Execute the any object method on the configured HPC.

Parameters:

func_name (str) – the name of the function.
func_args (tuple) – the arguments for of the function to be called.
func_kwargs (tuple) – the keyworded arguments for of the function to be called.
hpc_kwargs (dict) – arguments for the HPC class.
data_path (str) – the path to the Molset object, if None a copy of the data in the job folder will be made.

static get_chebi(chebi_obo)[source]: Get CHEBI id to name dictionary.

static get_chembl_hierarchy(chembldb='chembl_27')[source]: Get protein class and proteins in tree format.

static get_chembl_protein_classes(chembldb='chembl_27', prefix_level=False)[source]: Get protein class id to name dictionary.

static get_uniprot_annotation(entries)[source]: Get information on Uniprot entries.

classmethod load(filename, cc=None, cc_root=None, add_image=False)[source]

Load a Molset instance.

Parameters:

filename (str) – The path of the file to load.
cc (ChemicalChecker) – An already initialized CC instance.
cc_root (str) – Path to the root of a Chemical Checker. If None we try using the saved path. If that is not reachable we use the default (default is cc_config dependent) CC.
add_image (bool) – If True a molecule image is added.

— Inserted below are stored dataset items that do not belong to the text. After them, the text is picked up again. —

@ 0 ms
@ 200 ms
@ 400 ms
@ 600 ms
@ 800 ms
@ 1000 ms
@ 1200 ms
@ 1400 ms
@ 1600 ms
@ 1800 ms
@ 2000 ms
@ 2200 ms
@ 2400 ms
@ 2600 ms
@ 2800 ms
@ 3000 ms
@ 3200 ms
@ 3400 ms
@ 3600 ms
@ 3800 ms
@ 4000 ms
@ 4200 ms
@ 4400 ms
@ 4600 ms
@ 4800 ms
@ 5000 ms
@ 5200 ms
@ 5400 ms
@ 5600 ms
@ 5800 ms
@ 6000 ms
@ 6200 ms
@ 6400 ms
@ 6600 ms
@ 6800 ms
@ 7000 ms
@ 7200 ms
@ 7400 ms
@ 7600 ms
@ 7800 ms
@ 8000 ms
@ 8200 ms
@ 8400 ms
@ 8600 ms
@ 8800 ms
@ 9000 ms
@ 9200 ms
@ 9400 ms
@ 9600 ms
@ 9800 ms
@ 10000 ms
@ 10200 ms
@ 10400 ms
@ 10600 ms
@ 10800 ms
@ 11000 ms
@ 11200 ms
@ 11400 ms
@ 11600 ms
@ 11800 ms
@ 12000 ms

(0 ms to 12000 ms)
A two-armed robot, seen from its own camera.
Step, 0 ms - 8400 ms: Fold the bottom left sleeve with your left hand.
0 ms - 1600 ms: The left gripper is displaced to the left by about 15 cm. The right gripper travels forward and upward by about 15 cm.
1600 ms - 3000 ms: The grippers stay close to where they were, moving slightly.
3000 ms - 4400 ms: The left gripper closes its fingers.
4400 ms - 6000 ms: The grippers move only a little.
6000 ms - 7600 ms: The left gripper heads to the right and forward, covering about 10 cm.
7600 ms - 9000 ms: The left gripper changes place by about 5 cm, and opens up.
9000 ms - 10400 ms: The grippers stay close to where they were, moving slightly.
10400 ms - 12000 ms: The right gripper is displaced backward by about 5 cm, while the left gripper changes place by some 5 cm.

predict(dataset_code, shorten_dscode=True, applicability_thr_query=0, applicability_thr_nn=0, max_nr_nn=1000, pvalue_thr_nn=0.0001, limit_top_nn=1000, return_stats=False, return_sign0=False, blacklist=[], aggregation_thr=0.0, return_probas=False)[source]

Annotate the DataFrame with predicted features based on neighbors.

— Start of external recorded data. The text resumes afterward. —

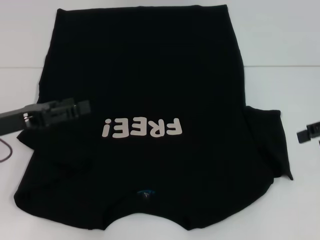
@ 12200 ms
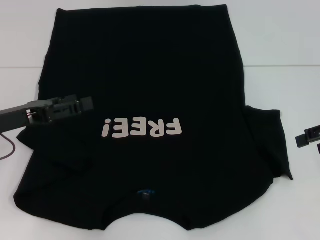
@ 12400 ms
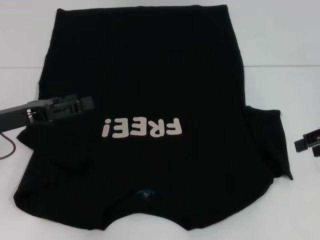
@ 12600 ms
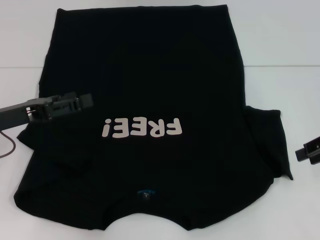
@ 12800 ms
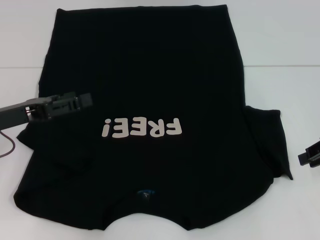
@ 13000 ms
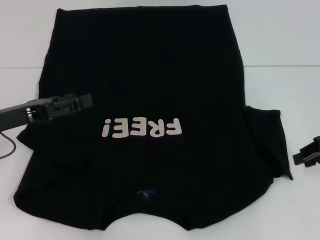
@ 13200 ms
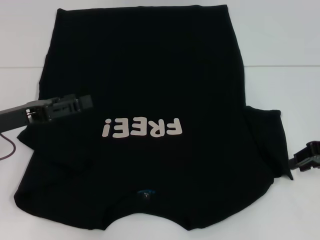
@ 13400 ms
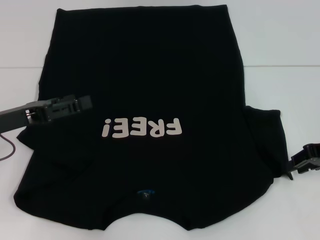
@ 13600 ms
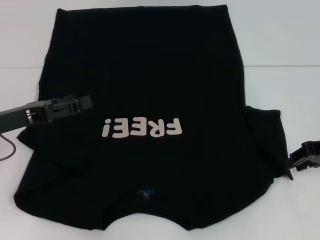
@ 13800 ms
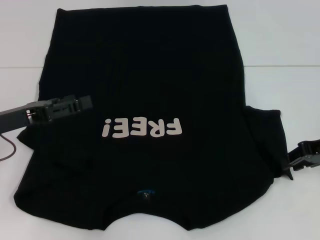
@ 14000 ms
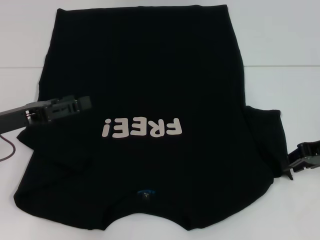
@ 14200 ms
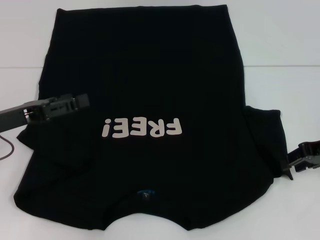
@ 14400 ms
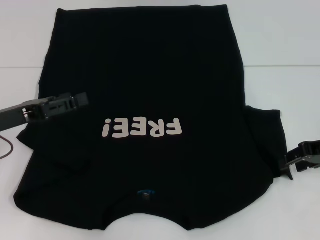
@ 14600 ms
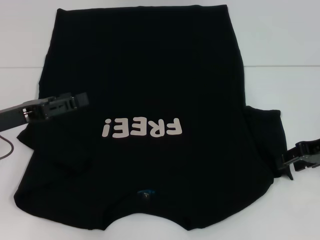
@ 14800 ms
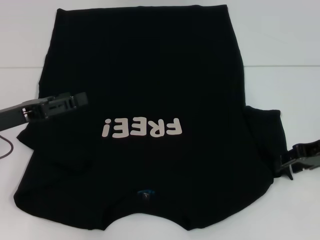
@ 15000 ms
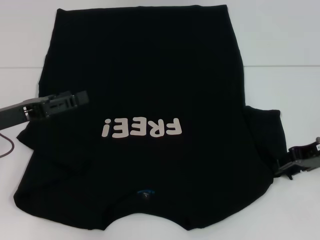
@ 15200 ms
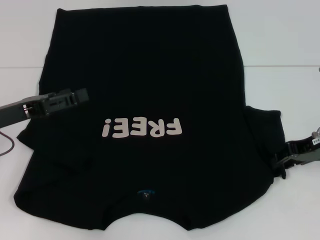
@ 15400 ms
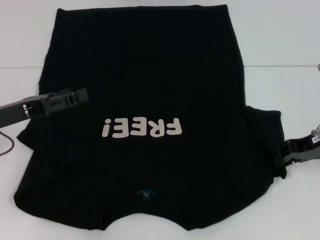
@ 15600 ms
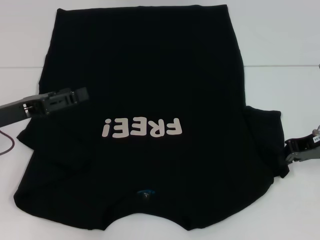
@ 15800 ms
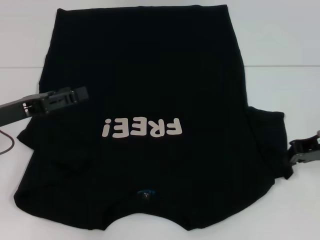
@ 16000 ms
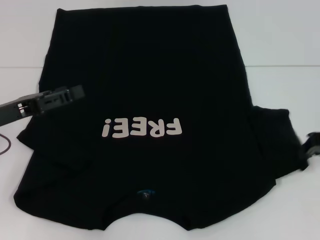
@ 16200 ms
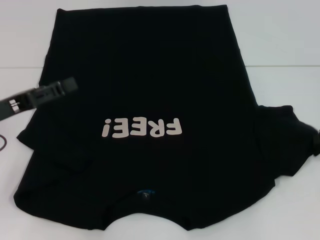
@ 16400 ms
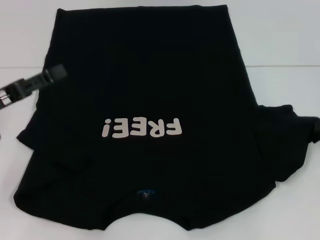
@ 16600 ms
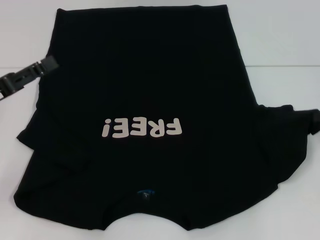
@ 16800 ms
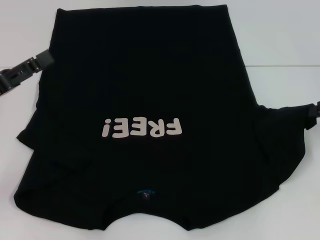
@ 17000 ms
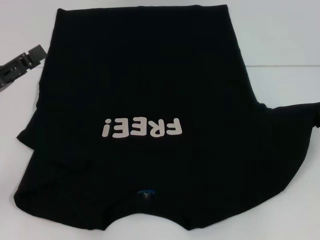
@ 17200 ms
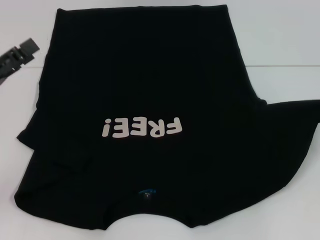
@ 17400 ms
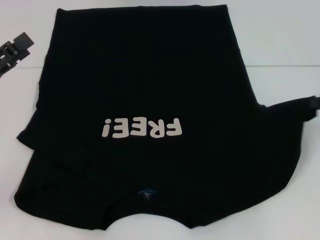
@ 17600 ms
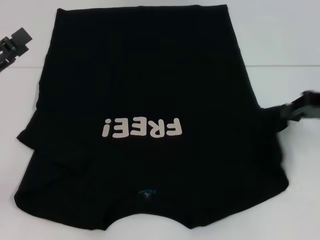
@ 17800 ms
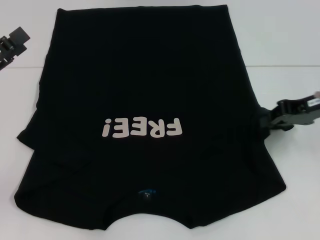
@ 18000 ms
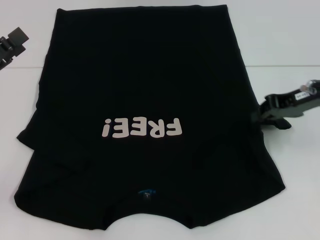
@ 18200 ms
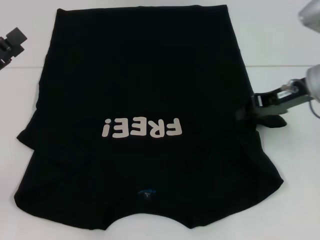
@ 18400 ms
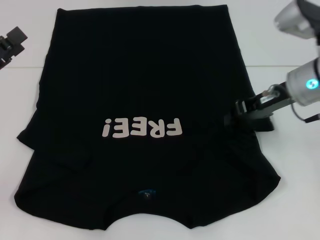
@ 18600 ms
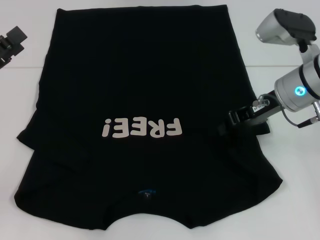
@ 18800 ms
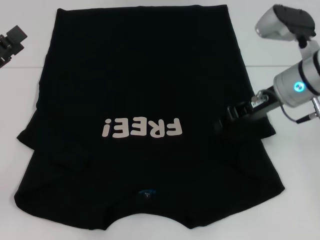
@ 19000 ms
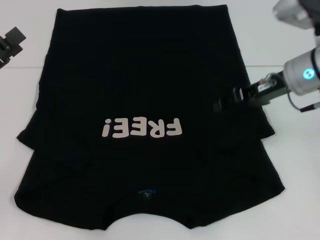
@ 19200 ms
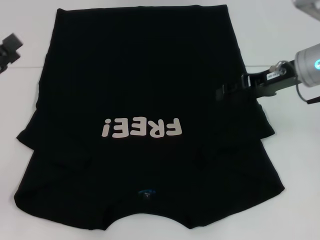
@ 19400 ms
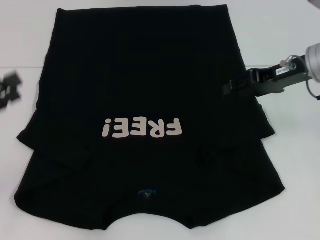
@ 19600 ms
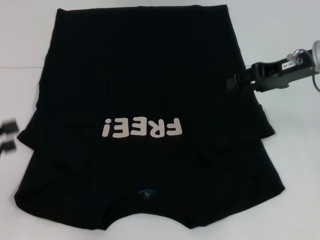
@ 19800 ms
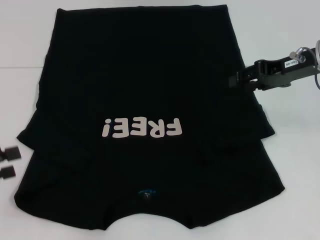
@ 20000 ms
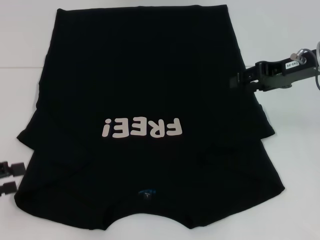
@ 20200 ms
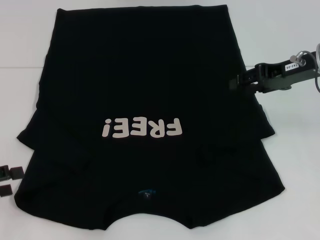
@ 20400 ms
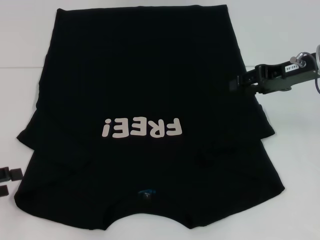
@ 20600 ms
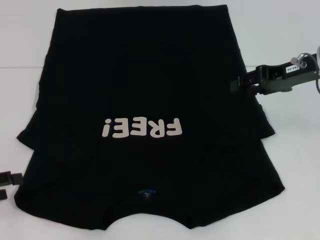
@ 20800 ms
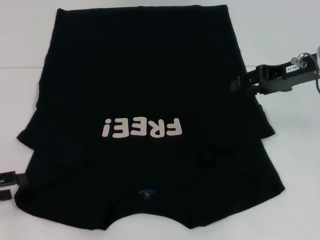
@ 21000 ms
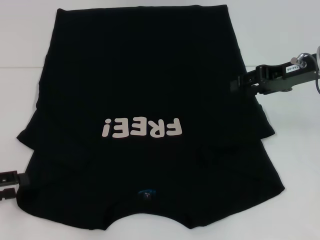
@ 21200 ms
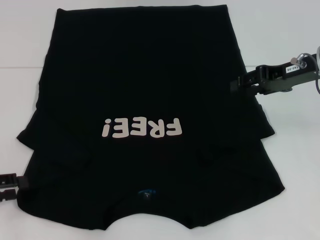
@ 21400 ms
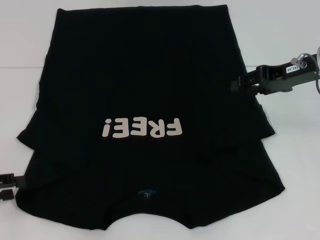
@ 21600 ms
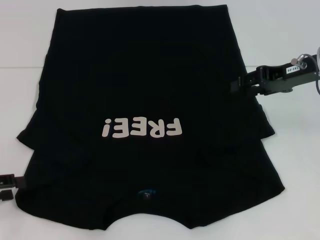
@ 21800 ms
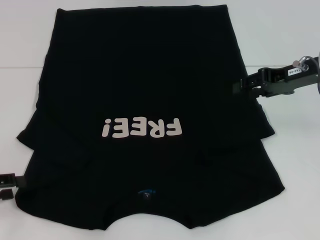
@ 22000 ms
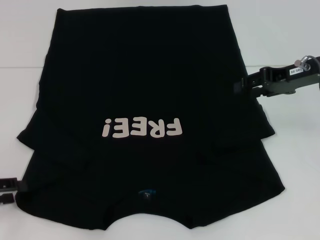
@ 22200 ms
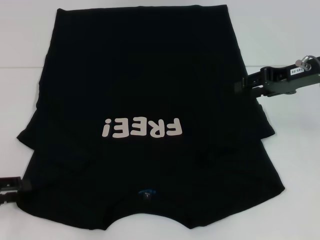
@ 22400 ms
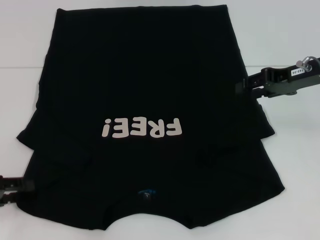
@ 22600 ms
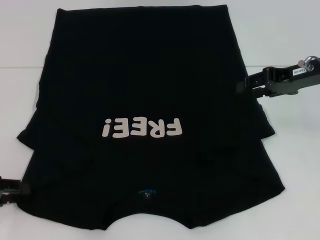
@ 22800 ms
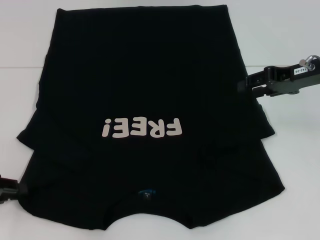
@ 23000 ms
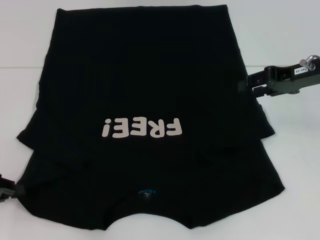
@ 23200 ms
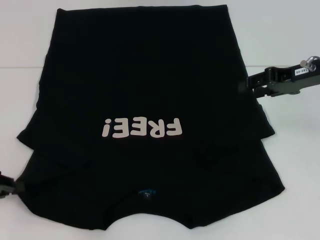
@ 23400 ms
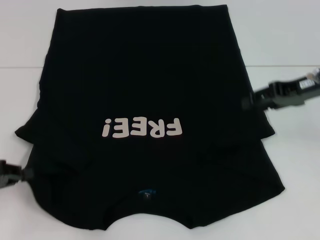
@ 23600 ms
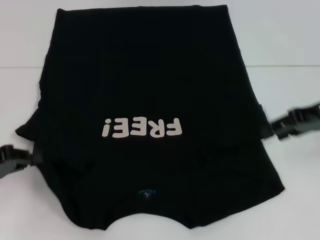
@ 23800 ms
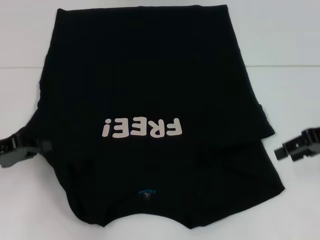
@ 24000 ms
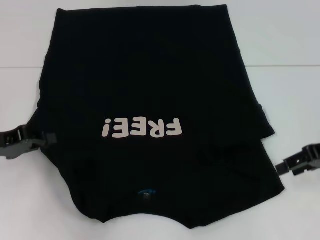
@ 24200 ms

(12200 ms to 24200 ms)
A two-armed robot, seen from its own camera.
Step, 12200 ms - 19600 ms: Fold the bottom right sleeve with your right hand.
12200 ms - 13800 ms: The right gripper moves downward, some 5 cm, and closes its fingers.
13800 ms - 15200 ms: The grippers move only a little.
15200 ms - 16600 ms: The right gripper travels to the right by some 5 cm, and closes up.
16600 ms - 18200 ms: The right gripper travels to the left by about 10 cm.
18200 ms - 19800 ms: The right gripper opens. The left gripper moves backward, approximately 5 cm.
21200 ms - 22600 ms: The grippers make only small movements.
22600 ms - 24200 ms: The left gripper goes about 5 cm forward, and closes its fingers. Meanwhile the right gripper moves backward, about 5 cm.

In this case we can potentially get annotation for every molecules. The molecules are first signaturized (sign4) filtered by applicability and then searched against molecules within the CC sign4. Nearest neighbors are selected for each molecule based on user specified parameters. Only NN that are found in the sign0 of the space are preserved. The annotations of these NN are aggregated (multiple strategies are possible) and finally assigned to the molecule.

Parameters:

dataset_code (str) – the CC dataset code: e.g. B4.001.
shorten_dscode (bool) – If True get rid of the .001 part of the dataset code
applicability_thr_query (float) – Only query with a sign4 applicability above this threshold will be searched for neighbors.
applicability_thr_nn (float) – Only neighbors with a sign4 applicability above this threshold will be used for features inference.
max_nr_nn (int) – Maximum number of neighbors to possibly consider.
pvalue_thr (float) – Filter neighbors based on distance.
limit_top_nn (int) – Only keep topN neighbors for feature predictions.
return_stats (bool) – if True return a dataframe with statistics on the NN search filtering steps.
return_sign0 (bool) – if True return sign0 format prediction (only for binary spaces).
blacklist (list) – List of inchikeys of molecules to disregard during neighbors search. Used for comparison to other prediction approach where these molecules are the test set.
return_probas (bool) – if True the probability for each predicted class are also returned.

project(projector, projector_name=None, datasets='exemplary')[source]

Annotate the DataFrame with projection of the signatures.

Parameters:

projector (object) – Any preinitialized projector exposing the ‘fit_transform’ function.
projector_name (str) – The name of the projector, used to define the new DataFrame columns.
datasets (list) – the CC datasets code: e.g. [‘B4.001’]. Use ‘exemplary’ to get signatures for all exemplary CC spaces.

save(destination, overwrite=False)[source]

Save a Molset instance.

Parameters:

destination (str) – The destination path
overwrite (bool) – Whether to overwrite in case the file exists.

signaturize(datasets='exemplary')[source]

Annotate the DataFrame with predicted sign4 signatures.

Parameters:: datasets (list) – the CC datasets code: e.g. [‘B4.001’]. Use ‘exemplary’ to get signatures for all exemplary CC spaces.